▸ **Try it**
Omit the pictures, and output the rest of the entries exactly as written.

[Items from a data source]
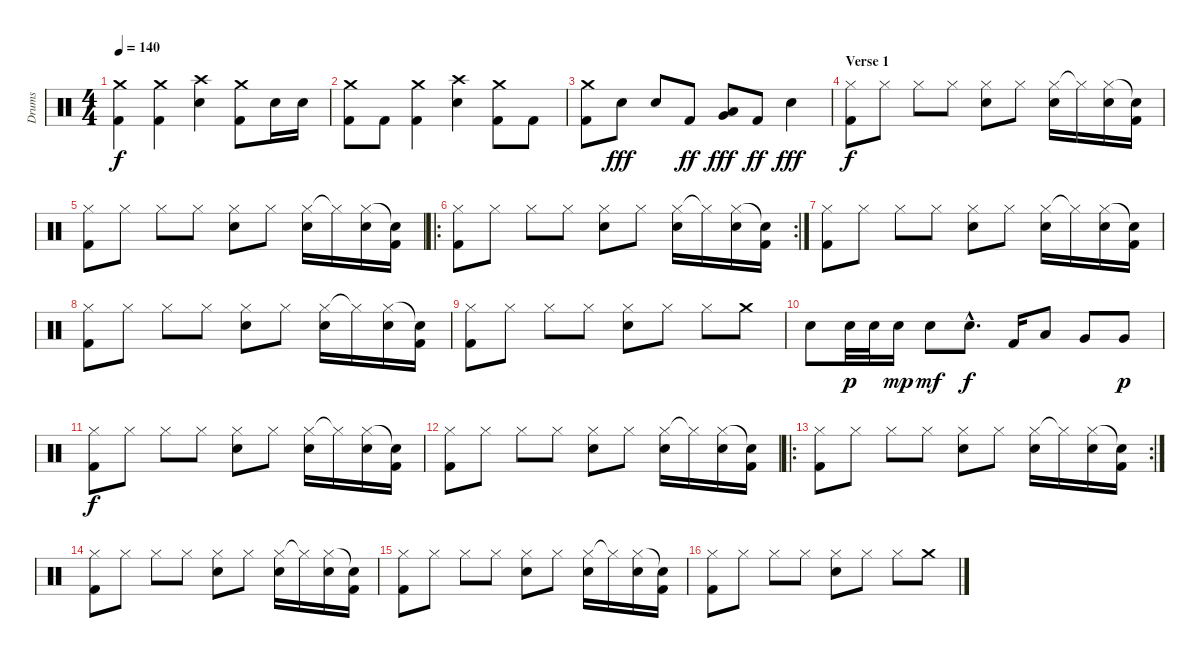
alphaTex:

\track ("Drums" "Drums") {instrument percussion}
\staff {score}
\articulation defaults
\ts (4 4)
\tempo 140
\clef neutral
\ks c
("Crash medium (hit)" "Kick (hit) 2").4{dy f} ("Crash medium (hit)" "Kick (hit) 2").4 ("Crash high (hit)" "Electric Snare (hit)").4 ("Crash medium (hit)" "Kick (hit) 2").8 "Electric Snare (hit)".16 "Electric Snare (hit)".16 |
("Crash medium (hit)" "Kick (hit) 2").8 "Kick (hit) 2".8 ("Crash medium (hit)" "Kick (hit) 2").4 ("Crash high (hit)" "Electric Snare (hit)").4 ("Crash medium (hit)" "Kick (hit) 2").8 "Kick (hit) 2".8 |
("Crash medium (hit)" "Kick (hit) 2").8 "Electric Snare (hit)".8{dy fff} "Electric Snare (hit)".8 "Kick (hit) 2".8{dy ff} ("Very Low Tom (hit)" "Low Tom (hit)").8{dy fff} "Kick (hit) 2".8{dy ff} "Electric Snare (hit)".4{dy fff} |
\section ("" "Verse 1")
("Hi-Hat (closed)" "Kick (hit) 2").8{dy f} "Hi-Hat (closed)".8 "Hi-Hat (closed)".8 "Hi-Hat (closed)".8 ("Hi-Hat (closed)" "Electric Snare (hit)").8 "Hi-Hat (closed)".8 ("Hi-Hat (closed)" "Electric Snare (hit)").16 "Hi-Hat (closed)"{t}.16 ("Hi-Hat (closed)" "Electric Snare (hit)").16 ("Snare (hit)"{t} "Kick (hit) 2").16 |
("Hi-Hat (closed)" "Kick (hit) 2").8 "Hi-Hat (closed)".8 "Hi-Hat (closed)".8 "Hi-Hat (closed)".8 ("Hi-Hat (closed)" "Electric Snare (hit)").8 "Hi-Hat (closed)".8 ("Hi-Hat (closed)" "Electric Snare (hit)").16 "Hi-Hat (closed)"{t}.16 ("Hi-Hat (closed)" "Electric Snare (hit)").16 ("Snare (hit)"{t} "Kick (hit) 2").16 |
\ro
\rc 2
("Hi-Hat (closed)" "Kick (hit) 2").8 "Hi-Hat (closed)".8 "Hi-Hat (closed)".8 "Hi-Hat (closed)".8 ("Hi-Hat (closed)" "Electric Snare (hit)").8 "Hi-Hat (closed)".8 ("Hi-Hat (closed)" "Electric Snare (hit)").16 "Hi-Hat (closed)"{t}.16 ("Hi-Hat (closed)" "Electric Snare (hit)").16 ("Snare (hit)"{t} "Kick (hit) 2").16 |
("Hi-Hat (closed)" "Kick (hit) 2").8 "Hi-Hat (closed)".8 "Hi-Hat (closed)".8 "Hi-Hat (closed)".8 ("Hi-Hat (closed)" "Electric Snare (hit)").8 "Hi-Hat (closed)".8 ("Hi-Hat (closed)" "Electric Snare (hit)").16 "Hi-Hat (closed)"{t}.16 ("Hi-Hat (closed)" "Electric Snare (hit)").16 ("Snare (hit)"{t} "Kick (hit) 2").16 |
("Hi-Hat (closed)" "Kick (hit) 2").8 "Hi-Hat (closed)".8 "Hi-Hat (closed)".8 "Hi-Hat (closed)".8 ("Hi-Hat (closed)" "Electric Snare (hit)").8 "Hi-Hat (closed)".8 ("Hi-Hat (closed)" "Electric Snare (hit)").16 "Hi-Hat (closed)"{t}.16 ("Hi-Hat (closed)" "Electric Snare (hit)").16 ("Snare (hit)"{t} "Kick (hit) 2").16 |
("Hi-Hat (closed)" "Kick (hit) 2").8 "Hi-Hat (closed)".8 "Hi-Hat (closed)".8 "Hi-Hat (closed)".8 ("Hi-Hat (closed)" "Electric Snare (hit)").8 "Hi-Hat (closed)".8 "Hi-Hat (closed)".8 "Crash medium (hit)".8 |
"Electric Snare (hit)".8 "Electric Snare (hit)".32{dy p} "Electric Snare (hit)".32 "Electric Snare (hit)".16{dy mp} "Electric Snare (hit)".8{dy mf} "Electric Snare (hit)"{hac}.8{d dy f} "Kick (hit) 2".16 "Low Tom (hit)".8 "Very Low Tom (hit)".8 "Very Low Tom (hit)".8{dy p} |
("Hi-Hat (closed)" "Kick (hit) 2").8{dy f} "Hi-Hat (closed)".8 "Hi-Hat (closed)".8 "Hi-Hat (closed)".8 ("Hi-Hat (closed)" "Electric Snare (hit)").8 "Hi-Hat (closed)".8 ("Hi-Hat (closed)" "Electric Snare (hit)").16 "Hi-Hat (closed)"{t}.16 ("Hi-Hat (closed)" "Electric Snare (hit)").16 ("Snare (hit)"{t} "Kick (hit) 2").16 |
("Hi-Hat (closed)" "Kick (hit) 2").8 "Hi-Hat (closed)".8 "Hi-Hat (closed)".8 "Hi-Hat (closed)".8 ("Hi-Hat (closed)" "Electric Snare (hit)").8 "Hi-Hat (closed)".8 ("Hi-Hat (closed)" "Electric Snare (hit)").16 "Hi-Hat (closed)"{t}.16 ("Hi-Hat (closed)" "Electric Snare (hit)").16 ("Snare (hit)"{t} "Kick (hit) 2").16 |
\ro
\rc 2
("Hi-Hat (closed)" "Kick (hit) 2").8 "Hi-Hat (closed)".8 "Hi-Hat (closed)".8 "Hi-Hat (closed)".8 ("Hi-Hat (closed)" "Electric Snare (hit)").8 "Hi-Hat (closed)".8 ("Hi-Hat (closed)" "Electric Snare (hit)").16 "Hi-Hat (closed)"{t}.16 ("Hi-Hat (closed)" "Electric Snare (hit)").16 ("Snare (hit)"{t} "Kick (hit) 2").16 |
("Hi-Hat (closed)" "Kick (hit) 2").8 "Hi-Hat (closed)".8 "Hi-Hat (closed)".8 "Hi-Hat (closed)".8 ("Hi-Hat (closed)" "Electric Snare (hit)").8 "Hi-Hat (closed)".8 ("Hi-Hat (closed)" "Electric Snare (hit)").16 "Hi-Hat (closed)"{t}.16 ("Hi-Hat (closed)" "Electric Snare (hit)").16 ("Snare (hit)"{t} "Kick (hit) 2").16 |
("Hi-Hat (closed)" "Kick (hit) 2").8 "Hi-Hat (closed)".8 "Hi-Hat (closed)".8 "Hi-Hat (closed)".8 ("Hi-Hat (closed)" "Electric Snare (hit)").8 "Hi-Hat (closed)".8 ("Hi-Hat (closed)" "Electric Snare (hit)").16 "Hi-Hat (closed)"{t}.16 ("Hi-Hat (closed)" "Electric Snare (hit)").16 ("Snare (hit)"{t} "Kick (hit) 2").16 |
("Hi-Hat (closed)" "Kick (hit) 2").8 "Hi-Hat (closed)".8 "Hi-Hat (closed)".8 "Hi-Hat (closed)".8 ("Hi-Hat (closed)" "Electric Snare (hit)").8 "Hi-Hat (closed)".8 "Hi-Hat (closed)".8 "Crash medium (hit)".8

▸ **Answer to the problem**
alphaTex:

\track ("Drums" "Drums") {instrument percussion}
\staff {score}
\articulation defaults
\ts (4 4)
\tempo 140
\clef neutral
\ks c
("Crash medium (hit)" "Kick (hit) 2").4{dy f} ("Crash medium (hit)" "Kick (hit) 2").4 ("Crash high (hit)" "Electric Snare (hit)").4 ("Crash medium (hit)" "Kick (hit) 2").8 "Electric Snare (hit)".16 "Electric Snare (hit)".16 |
("Crash medium (hit)" "Kick (hit) 2").8 "Kick (hit) 2".8 ("Crash medium (hit)" "Kick (hit) 2").4 ("Crash high (hit)" "Electric Snare (hit)").4 ("Crash medium (hit)" "Kick (hit) 2").8 "Kick (hit) 2".8 |
("Crash medium (hit)" "Kick (hit) 2").8 "Electric Snare (hit)".8{dy fff} "Electric Snare (hit)".8 "Kick (hit) 2".8{dy ff} ("Very Low Tom (hit)" "Low Tom (hit)").8{dy fff} "Kick (hit) 2".8{dy ff} "Electric Snare (hit)".4{dy fff} |
\section ("" "Verse 1")
("Hi-Hat (closed)" "Kick (hit) 2").8{dy f} "Hi-Hat (closed)".8 "Hi-Hat (closed)".8 "Hi-Hat (closed)".8 ("Hi-Hat (closed)" "Electric Snare (hit)").8 "Hi-Hat (closed)".8 ("Hi-Hat (closed)" "Electric Snare (hit)").16 "Hi-Hat (closed)"{t}.16 ("Hi-Hat (closed)" "Electric Snare (hit)").16 ("Snare (hit)"{t} "Kick (hit) 2").16 |
("Hi-Hat (closed)" "Kick (hit) 2").8 "Hi-Hat (closed)".8 "Hi-Hat (closed)".8 "Hi-Hat (closed)".8 ("Hi-Hat (closed)" "Electric Snare (hit)").8 "Hi-Hat (closed)".8 ("Hi-Hat (closed)" "Electric Snare (hit)").16 "Hi-Hat (closed)"{t}.16 ("Hi-Hat (closed)" "Electric Snare (hit)").16 ("Snare (hit)"{t} "Kick (hit) 2").16 |
\ro
\rc 2
("Hi-Hat (closed)" "Kick (hit) 2").8 "Hi-Hat (closed)".8 "Hi-Hat (closed)".8 "Hi-Hat (closed)".8 ("Hi-Hat (closed)" "Electric Snare (hit)").8 "Hi-Hat (closed)".8 ("Hi-Hat (closed)" "Electric Snare (hit)").16 "Hi-Hat (closed)"{t}.16 ("Hi-Hat (closed)" "Electric Snare (hit)").16 ("Snare (hit)"{t} "Kick (hit) 2").16 |
("Hi-Hat (closed)" "Kick (hit) 2").8 "Hi-Hat (closed)".8 "Hi-Hat (closed)".8 "Hi-Hat (closed)".8 ("Hi-Hat (closed)" "Electric Snare (hit)").8 "Hi-Hat (closed)".8 ("Hi-Hat (closed)" "Electric Snare (hit)").16 "Hi-Hat (closed)"{t}.16 ("Hi-Hat (closed)" "Electric Snare (hit)").16 ("Snare (hit)"{t} "Kick (hit) 2").16 |
("Hi-Hat (closed)" "Kick (hit) 2").8 "Hi-Hat (closed)".8 "Hi-Hat (closed)".8 "Hi-Hat (closed)".8 ("Hi-Hat (closed)" "Electric Snare (hit)").8 "Hi-Hat (closed)".8 ("Hi-Hat (closed)" "Electric Snare (hit)").16 "Hi-Hat (closed)"{t}.16 ("Hi-Hat (closed)" "Electric Snare (hit)").16 ("Snare (hit)"{t} "Kick (hit) 2").16 |
("Hi-Hat (closed)" "Kick (hit) 2").8 "Hi-Hat (closed)".8 "Hi-Hat (closed)".8 "Hi-Hat (closed)".8 ("Hi-Hat (closed)" "Electric Snare (hit)").8 "Hi-Hat (closed)".8 "Hi-Hat (closed)".8 "Crash medium (hit)".8 |
"Electric Snare (hit)".8 "Electric Snare (hit)".32{dy p} "Electric Snare (hit)".32 "Electric Snare (hit)".16{dy mp} "Electric Snare (hit)".8{dy mf} "Electric Snare (hit)"{hac}.8{d dy f} "Kick (hit) 2".16 "Low Tom (hit)".8 "Very Low Tom (hit)".8 "Very Low Tom (hit)".8{dy p} |
("Hi-Hat (closed)" "Kick (hit) 2").8{dy f} "Hi-Hat (closed)".8 "Hi-Hat (closed)".8 "Hi-Hat (closed)".8 ("Hi-Hat (closed)" "Electric Snare (hit)").8 "Hi-Hat (closed)".8 ("Hi-Hat (closed)" "Electric Snare (hit)").16 "Hi-Hat (closed)"{t}.16 ("Hi-Hat (closed)" "Electric Snare (hit)").16 ("Snare (hit)"{t} "Kick (hit) 2").16 |
("Hi-Hat (closed)" "Kick (hit) 2").8 "Hi-Hat (closed)".8 "Hi-Hat (closed)".8 "Hi-Hat (closed)".8 ("Hi-Hat (closed)" "Electric Snare (hit)").8 "Hi-Hat (closed)".8 ("Hi-Hat (closed)" "Electric Snare (hit)").16 "Hi-Hat (closed)"{t}.16 ("Hi-Hat (closed)" "Electric Snare (hit)").16 ("Snare (hit)"{t} "Kick (hit) 2").16 |
\ro
\rc 2
("Hi-Hat (closed)" "Kick (hit) 2").8 "Hi-Hat (closed)".8 "Hi-Hat (closed)".8 "Hi-Hat (closed)".8 ("Hi-Hat (closed)" "Electric Snare (hit)").8 "Hi-Hat (closed)".8 ("Hi-Hat (closed)" "Electric Snare (hit)").16 "Hi-Hat (closed)"{t}.16 ("Hi-Hat (closed)" "Electric Snare (hit)").16 ("Snare (hit)"{t} "Kick (hit) 2").16 |
("Hi-Hat (closed)" "Kick (hit) 2").8 "Hi-Hat (closed)".8 "Hi-Hat (closed)".8 "Hi-Hat (closed)".8 ("Hi-Hat (closed)" "Electric Snare (hit)").8 "Hi-Hat (closed)".8 ("Hi-Hat (closed)" "Electric Snare (hit)").16 "Hi-Hat (closed)"{t}.16 ("Hi-Hat (closed)" "Electric Snare (hit)").16 ("Snare (hit)"{t} "Kick (hit) 2").16 |
("Hi-Hat (closed)" "Kick (hit) 2").8 "Hi-Hat (closed)".8 "Hi-Hat (closed)".8 "Hi-Hat (closed)".8 ("Hi-Hat (closed)" "Electric Snare (hit)").8 "Hi-Hat (closed)".8 ("Hi-Hat (closed)" "Electric Snare (hit)").16 "Hi-Hat (closed)"{t}.16 ("Hi-Hat (closed)" "Electric Snare (hit)").16 ("Snare (hit)"{t} "Kick (hit) 2").16 |
("Hi-Hat (closed)" "Kick (hit) 2").8 "Hi-Hat (closed)".8 "Hi-Hat (closed)".8 "Hi-Hat (closed)".8 ("Hi-Hat (closed)" "Electric Snare (hit)").8 "Hi-Hat (closed)".8 "Hi-Hat (closed)".8 "Crash medium (hit)".8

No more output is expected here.